Um die Formen der gestalterischen Praxis möglichst frei zu stellen, können diverse Materialien eingesetzt werden. Die Materialien (Kartonagen, Papiere, Farben…), die für die Umsetzung verwendet werden können, stehen in Kisten zur Verfügung. Die Lehrkraft stellt zudem weitere Materialien wie verschiedene Maluntergründe, Farben, Kameras und Materialien zur plastischen Gestaltung (z.B. Knete) bereit. Die Schülerinnen und Schüler besitzen darüber hinaus selbst eigene Stifte, verschiedenfarbige Papiere und Wasserfarben. In einer ersten Phase (siehe Bilder von Arbeiten von Schülerinnen und Schüler einer 3. Jahrgangsstufe) entwerfen die Schülerinnen und Schüler ihr Bilder. Nach einer Besprechung durch die Lehrkraft setzen die Schülerinnen und Schüler ihre entwickelten Ideen in einer anschließenden Arbeitsphase um.
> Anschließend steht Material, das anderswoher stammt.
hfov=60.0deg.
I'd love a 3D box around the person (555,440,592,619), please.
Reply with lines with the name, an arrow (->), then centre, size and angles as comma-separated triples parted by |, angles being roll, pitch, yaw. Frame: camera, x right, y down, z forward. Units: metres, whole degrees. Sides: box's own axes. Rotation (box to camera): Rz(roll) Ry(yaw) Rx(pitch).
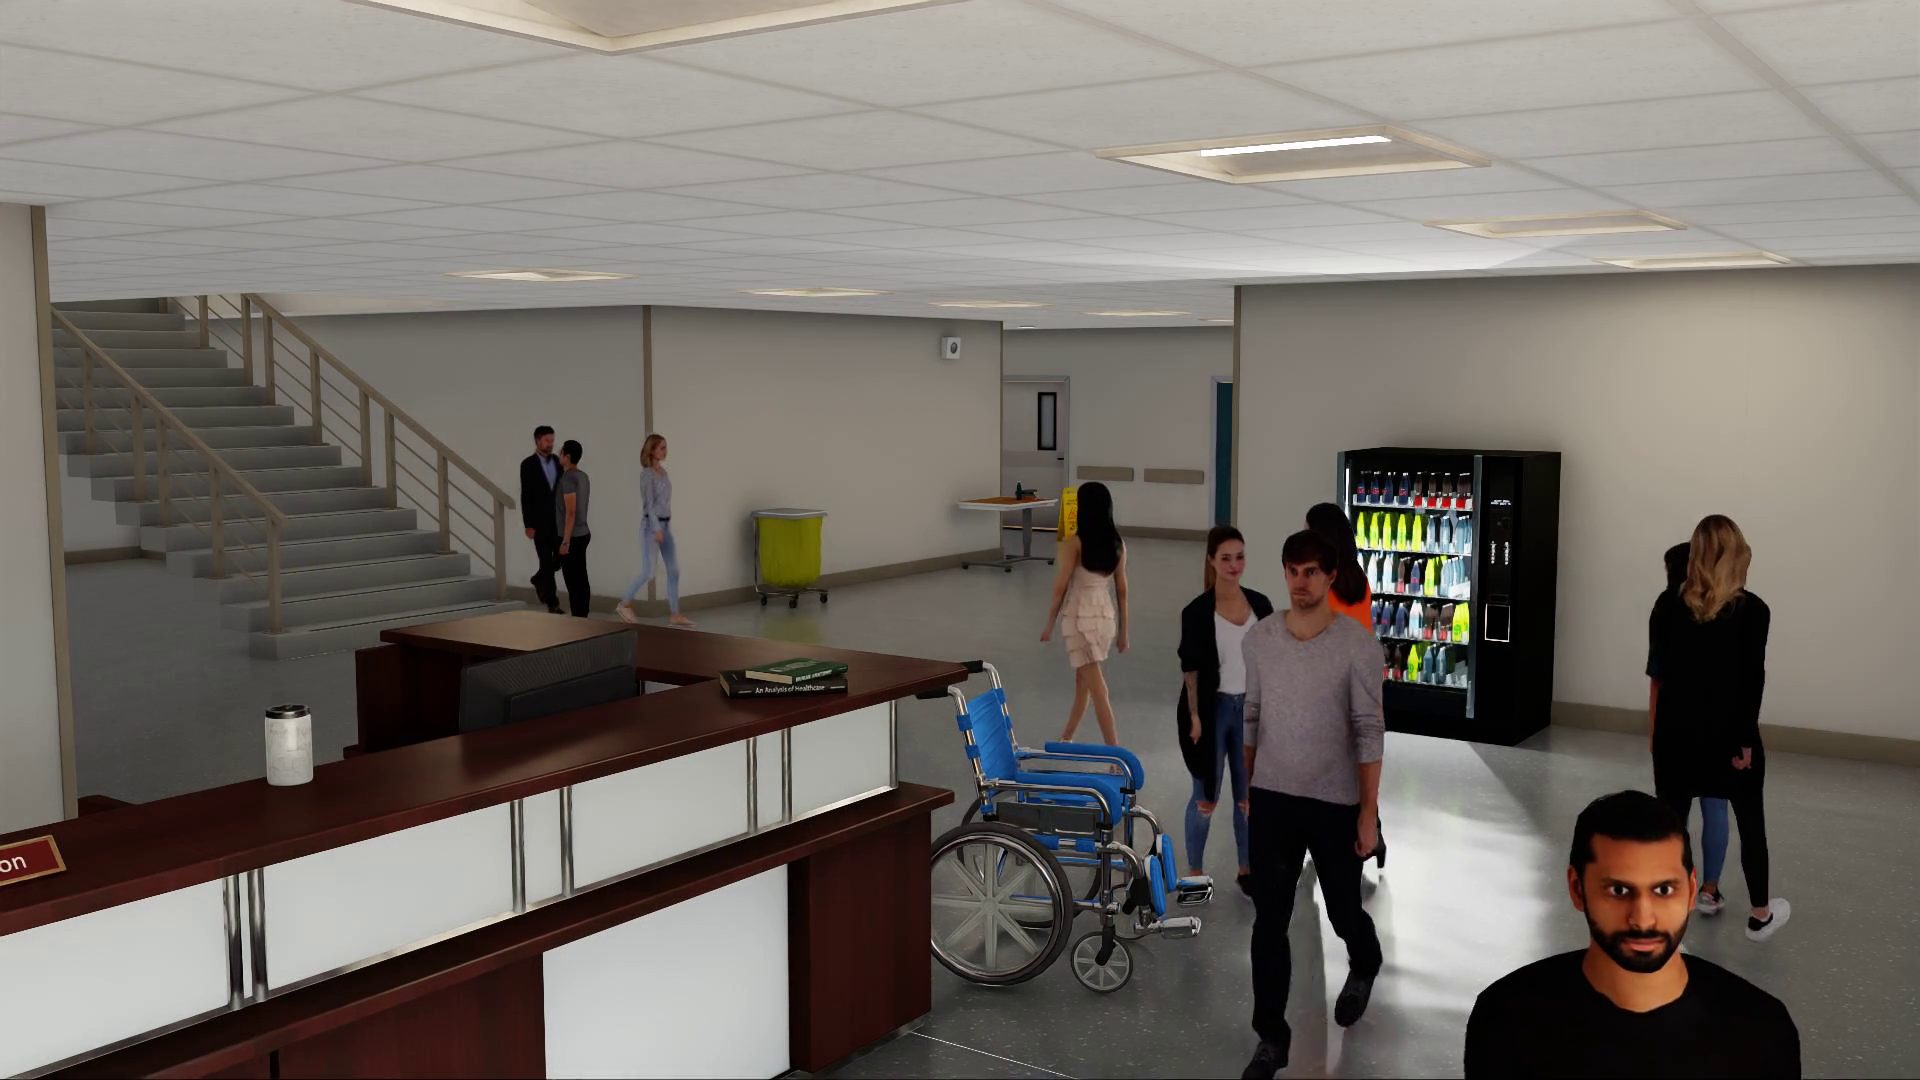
person -> -3.474, -0.027, 14.956 | 0.726, 1.755, 0.698 | 0, 6, 0

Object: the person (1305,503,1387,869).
person -> 1.861, 0.705, 7.833 | 0.880, 1.723, 0.680 | 5, 8, 42

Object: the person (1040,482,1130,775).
person -> 0.789, 0.563, 9.413 | 0.830, 1.689, 1.100 | -4, 7, -33

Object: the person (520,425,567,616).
person -> -4.030, -0.179, 16.042 | 0.983, 1.840, 0.798 | 5, 8, 42

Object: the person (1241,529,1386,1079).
person -> 1.226, 0.878, 5.663 | 1.051, 1.814, 0.771 | 3, 7, 30

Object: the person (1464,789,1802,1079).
person -> 0.998, 1.228, 2.525 | 0.813, 1.746, 0.858 | 1, 6, 9

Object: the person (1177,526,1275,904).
person -> 1.158, 0.773, 7.388 | 0.727, 1.678, 0.773 | -2, 6, -17

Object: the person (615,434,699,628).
person -> -2.845, -0.058, 15.195 | 1.083, 1.768, 0.746 | 2, 6, 22

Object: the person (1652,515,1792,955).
person -> 2.855, 0.821, 6.481 | 1.033, 1.763, 0.775 | 5, 8, 44

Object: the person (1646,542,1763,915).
person -> 3.225, 0.827, 7.263 | 0.925, 1.594, 0.891 | 2, 6, 20
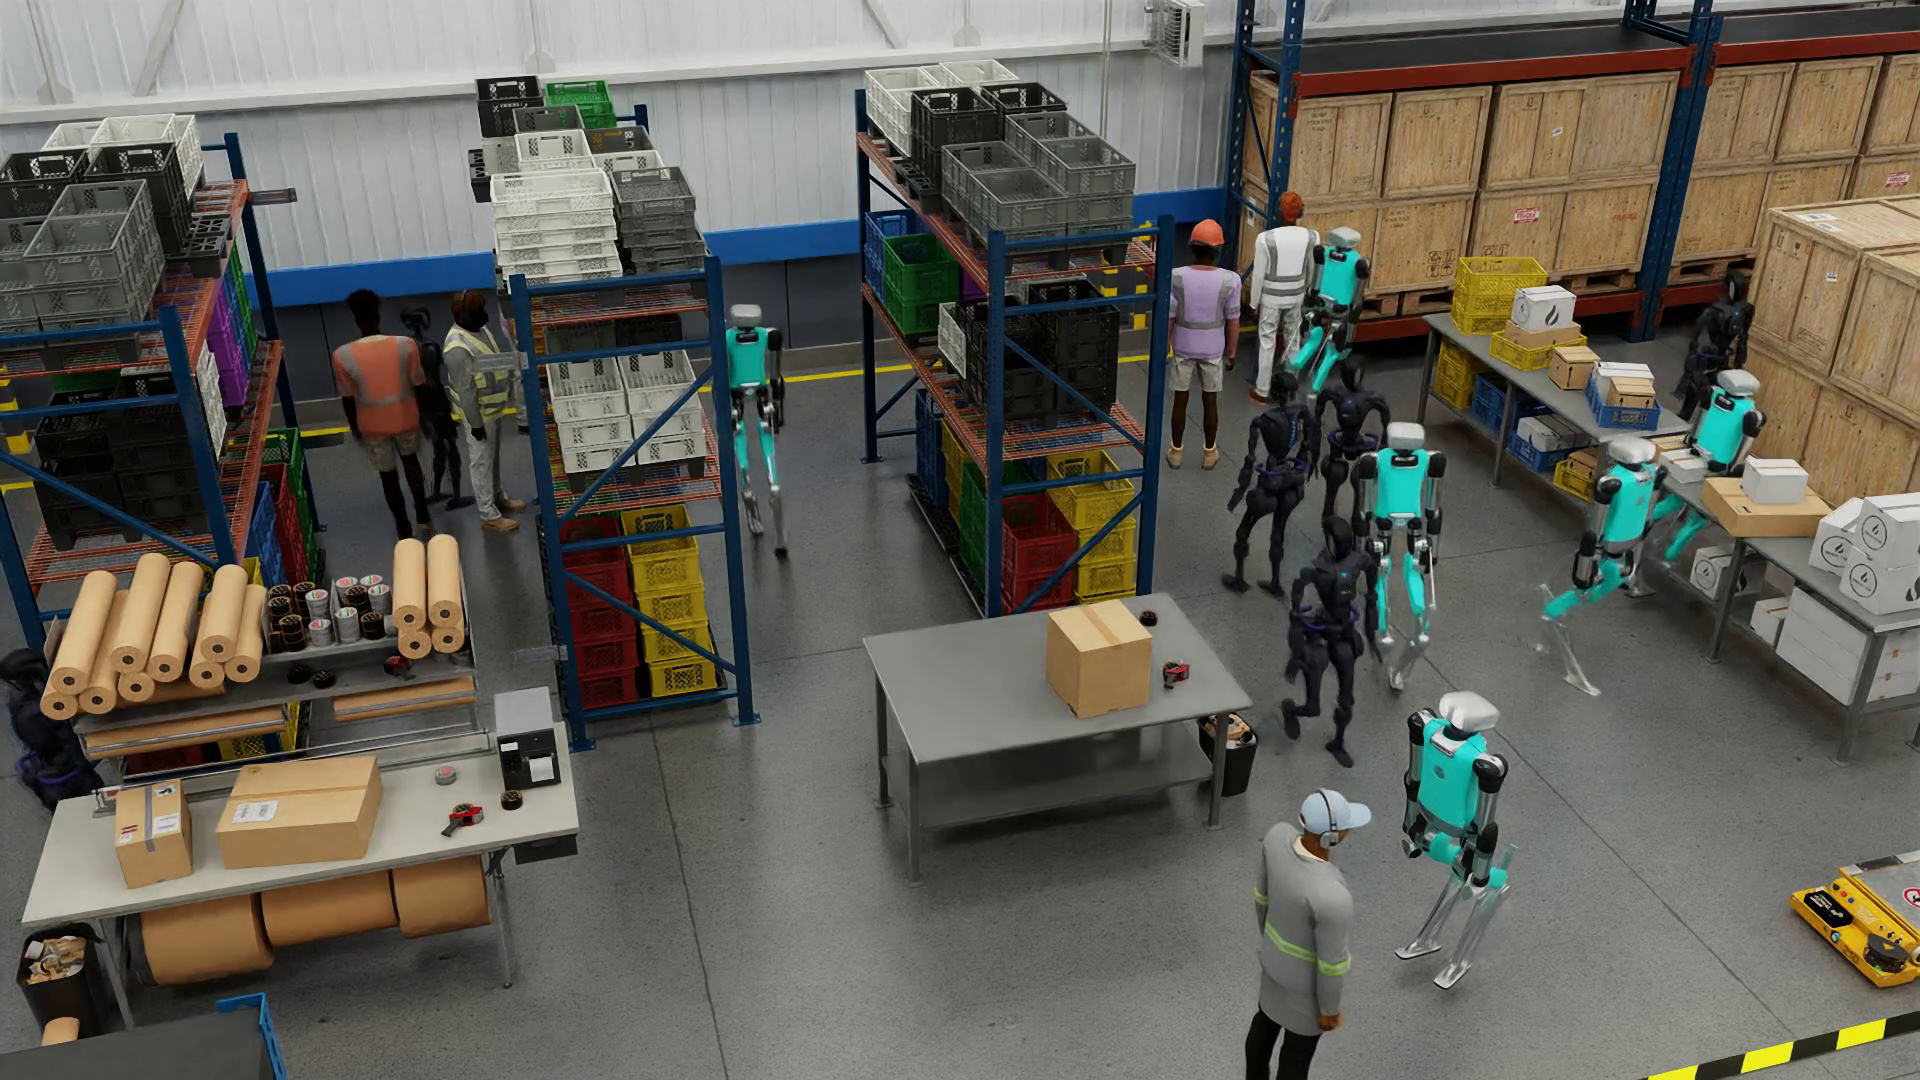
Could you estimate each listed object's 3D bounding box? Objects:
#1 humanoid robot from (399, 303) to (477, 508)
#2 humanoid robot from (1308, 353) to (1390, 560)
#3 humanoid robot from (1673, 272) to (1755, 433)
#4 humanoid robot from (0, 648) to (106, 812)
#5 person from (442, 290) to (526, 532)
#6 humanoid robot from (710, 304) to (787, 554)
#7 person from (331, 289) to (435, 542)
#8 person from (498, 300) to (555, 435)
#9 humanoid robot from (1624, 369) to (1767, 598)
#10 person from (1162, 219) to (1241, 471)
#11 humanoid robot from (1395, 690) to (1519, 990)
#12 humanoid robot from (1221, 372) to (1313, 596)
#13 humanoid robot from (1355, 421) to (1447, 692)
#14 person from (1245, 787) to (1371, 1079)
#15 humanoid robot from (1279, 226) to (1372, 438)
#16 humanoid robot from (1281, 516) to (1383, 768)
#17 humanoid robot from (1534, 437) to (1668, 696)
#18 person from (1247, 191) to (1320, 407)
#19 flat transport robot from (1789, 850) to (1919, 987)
[{"bbox_3d":[-3.937,-1.017,12.555,0.436,1.658,0.593,-19,34,-30],"label":"humanoid robot"},{"bbox_3d":[2.755,-0.550,11.705,0.608,1.645,0.331,15,32,25],"label":"humanoid robot"},{"bbox_3d":[5.968,-1.321,13.117,0.609,1.634,0.656,-9,30,-16],"label":"humanoid robot"},{"bbox_3d":[-4.555,1.237,8.456,0.600,1.639,0.428,19,34,30],"label":"humanoid robot"},{"bbox_3d":[-3.512,-0.966,12.286,0.429,1.844,0.625,-1,29,-2],"label":"person"},{"bbox_3d":[-1.462,-0.713,12.036,0.546,1.878,0.800,-9,30,-16],"label":"humanoid robot"},{"bbox_3d":[-4.133,-0.861,12.000,0.594,1.937,0.575,-16,32,-26],"label":"person"},{"bbox_3d":[-3.559,-1.733,13.717,0.425,1.815,0.582,2,29,3],"label":"person"},{"bbox_3d":[4.849,-0.293,11.173,0.977,1.735,0.541,-9,30,-16],"label":"humanoid robot"},{"bbox_3d":[1.874,-1.525,13.101,0.613,2.035,0.391,3,29,6],"label":"person"},{"bbox_3d":[2.466,1.386,7.975,0.735,1.677,0.533,-17,33,-28],"label":"humanoid robot"},{"bbox_3d":[2.133,-0.392,11.407,0.600,1.651,0.376,-15,32,-25],"label":"humanoid robot"},{"bbox_3d":[2.716,0.222,10.264,0.541,1.802,0.795,1,29,1],"label":"humanoid robot"},{"bbox_3d":[1.487,1.831,7.186,0.400,1.852,0.589,-10,30,-18],"label":"person"},{"bbox_3d":[2.914,-1.628,13.615,0.671,1.810,0.552,-24,37,-36],"label":"humanoid robot"},{"bbox_3d":[2.158,0.555,9.698,0.607,1.644,0.471,-5,29,-8],"label":"humanoid robot"},{"bbox_3d":[3.895,0.132,10.503,0.538,1.876,0.772,-15,32,-25],"label":"humanoid robot"},{"bbox_3d":[2.747,-2.047,14.208,0.582,1.883,0.338,-5,29,-9],"label":"person"},{"bbox_3d":[5.163,1.916,8.676,1.431,0.231,0.659,-8,30,-14],"label":"flat transport robot"}]
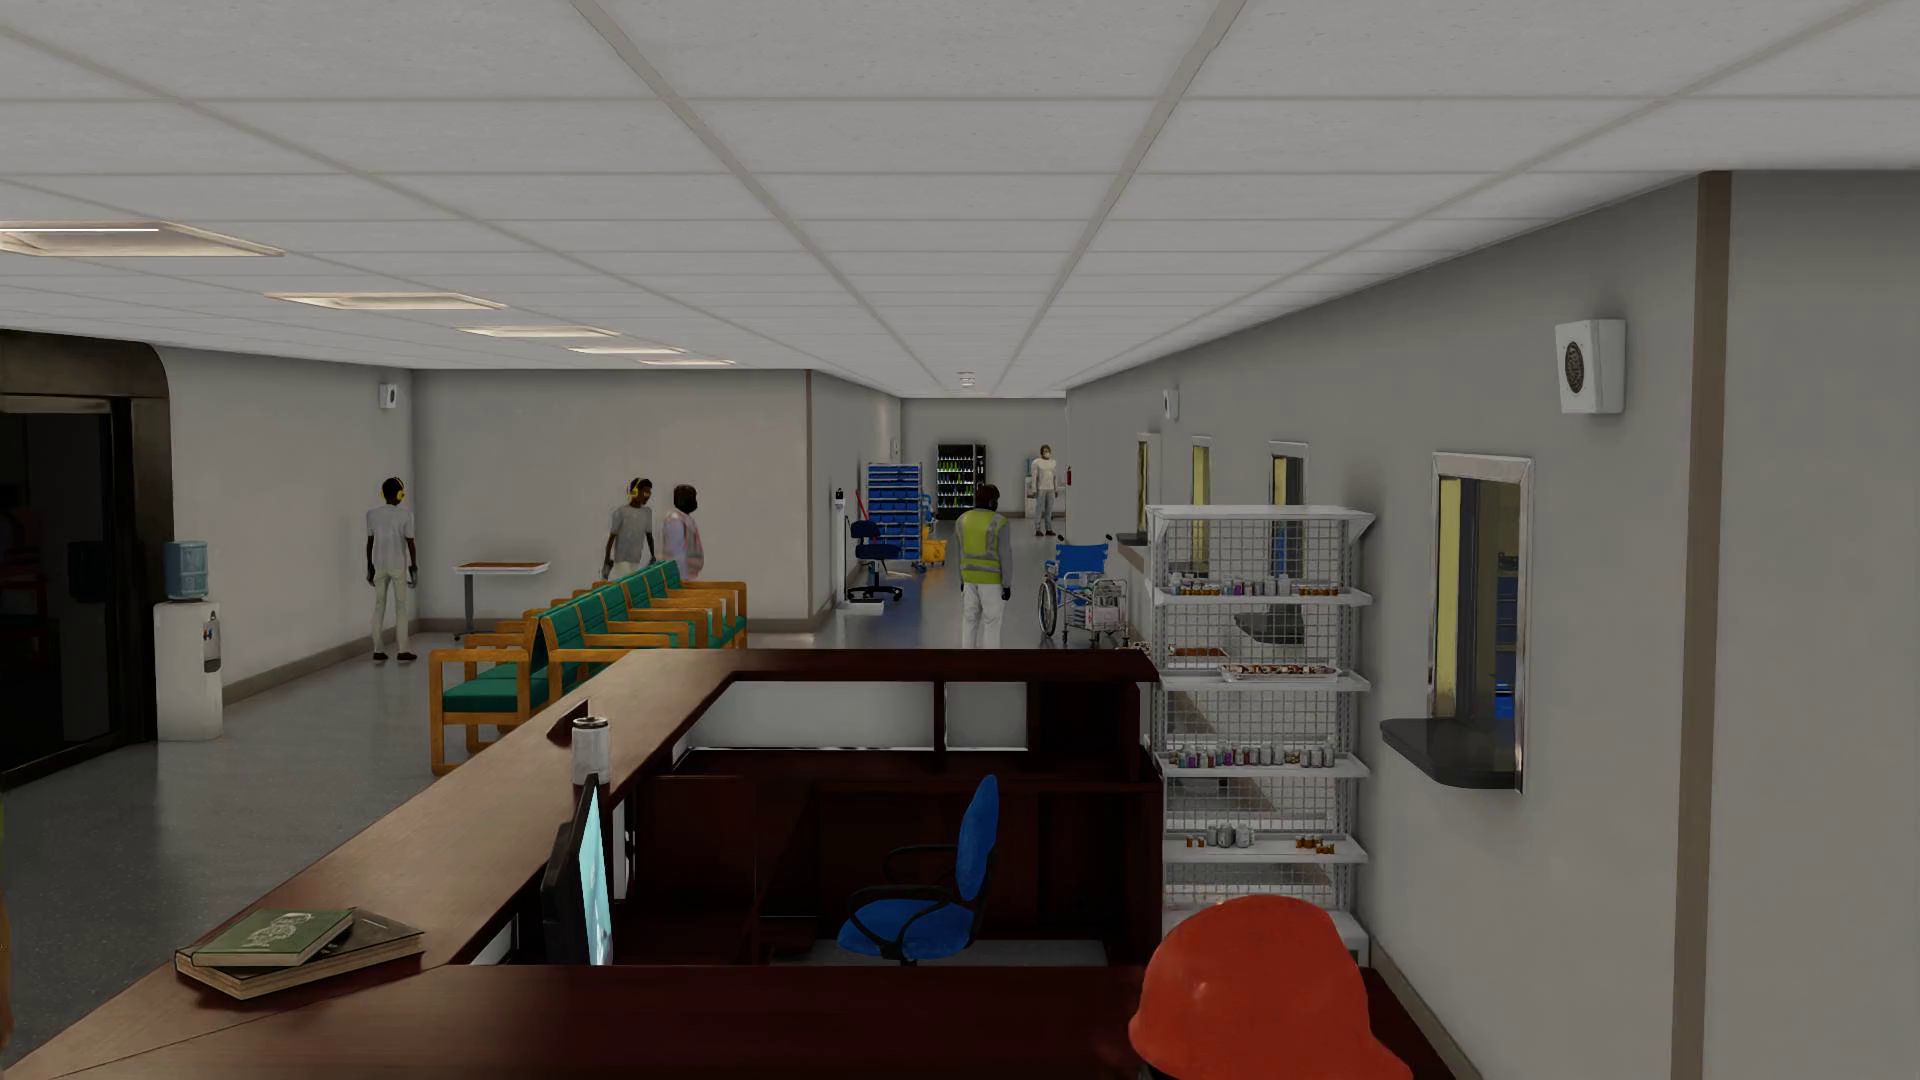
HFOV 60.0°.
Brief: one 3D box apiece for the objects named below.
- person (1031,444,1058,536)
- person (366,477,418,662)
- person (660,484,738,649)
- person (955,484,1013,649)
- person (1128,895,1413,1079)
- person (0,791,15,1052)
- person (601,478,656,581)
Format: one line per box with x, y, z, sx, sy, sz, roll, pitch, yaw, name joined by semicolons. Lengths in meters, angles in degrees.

Die Aufgabe der Lehrkraft ist, die Entscheidungsfindung der Kinder für die Umsetzung der Bildidee zu begleiten. Die Schülerinnen und Schüler reflektieren ihre Einfälle und festigen ihre Ideen. Es wird darauf geachtet, dass die Schülerinnen und Schüler nicht unter Druck arbeiten und alle die zur Umsetzung notwendige Zeit zur Verfügung erhalten. Diejenigen, die besonders schnell arbeiten, können mehrere Umsetzungsmöglichkeiten zum Thema ausprobieren.
Wichtige Aspekte der individuellen Besprechungen, sowie mögliche Schwierigkeiten oder Beobachtungen bei der Umsetzung werden im Anschluss an die künstlerische Praxis im Plenum aufgegriffen. Die entstandenen Werke werden der Klasse vorgestellt und der Bezug zum Thema erläutert.
Rezeption des Werks „Der Bohnenesser“ von Annibale Carracci
Das Werk von Annibale Carracci wird den Schülerinnen und Schülern gezeigt. Der Zugang zu dem Werk fällt den Kindern aufgrund der vorangegangenen gestalterischen Auseinandersetzung mit dem Thema „Essen“ nicht allzu schwer.
Das Bild wird von den Schülerinnen und Schülern beschrieben, wobei nicht nur die Essenssituation, sondern auch der gesellschaftliche Stand des essenden Mannes, also des Bohnenessers, schnell erkannt wird. Das Werk wird auf weitere Hinweise erkundet und die zu betrachtende Situation mit Hinblick auf das zentrale Thema analysiert. Die Speisen, die auf dem Tisch vor dem Bohnenesser abgebildet sind, werden im direkten Vergleich zu den zuvor angefertigten Arbeiten der Kinder betrachtet. Gibt es Überschneidungen in der Darstellung der Kinder und der von Annibale Carracci? Worin unterscheiden sich die abgebildeten Speisen? Die Kinder nehmen an dieser Stelle Bezug zum Eingangsgespräch, bei dem festgestellt wurde, dass bestimmte Speisen auch eine Frage des Geldes und der Privilegien sind. Sowohl das angerichtete Essen, als auch die Kleidung des essenden Mannes deuten darauf hin, dass es sich hierbei um einen Bauern handelt. Lebensmittel wie Bohnen und Brot sind günstig und machen schnell satt. Die Kleidung erkennen die Schülerinnen und Schüler als schlicht, unauffällig und abgenutzt. Zu der zentralen Frage danach, was wir essen und wie wir das tun, kann hier das warum ergänzt werden. Weil wir Hunger haben und Essen zum Überleben brauchen – so wie der Mann auf dem Bild. Er erscheint nicht wie jemand, der viel Auswahl hat, bei der Wahl seines Essens.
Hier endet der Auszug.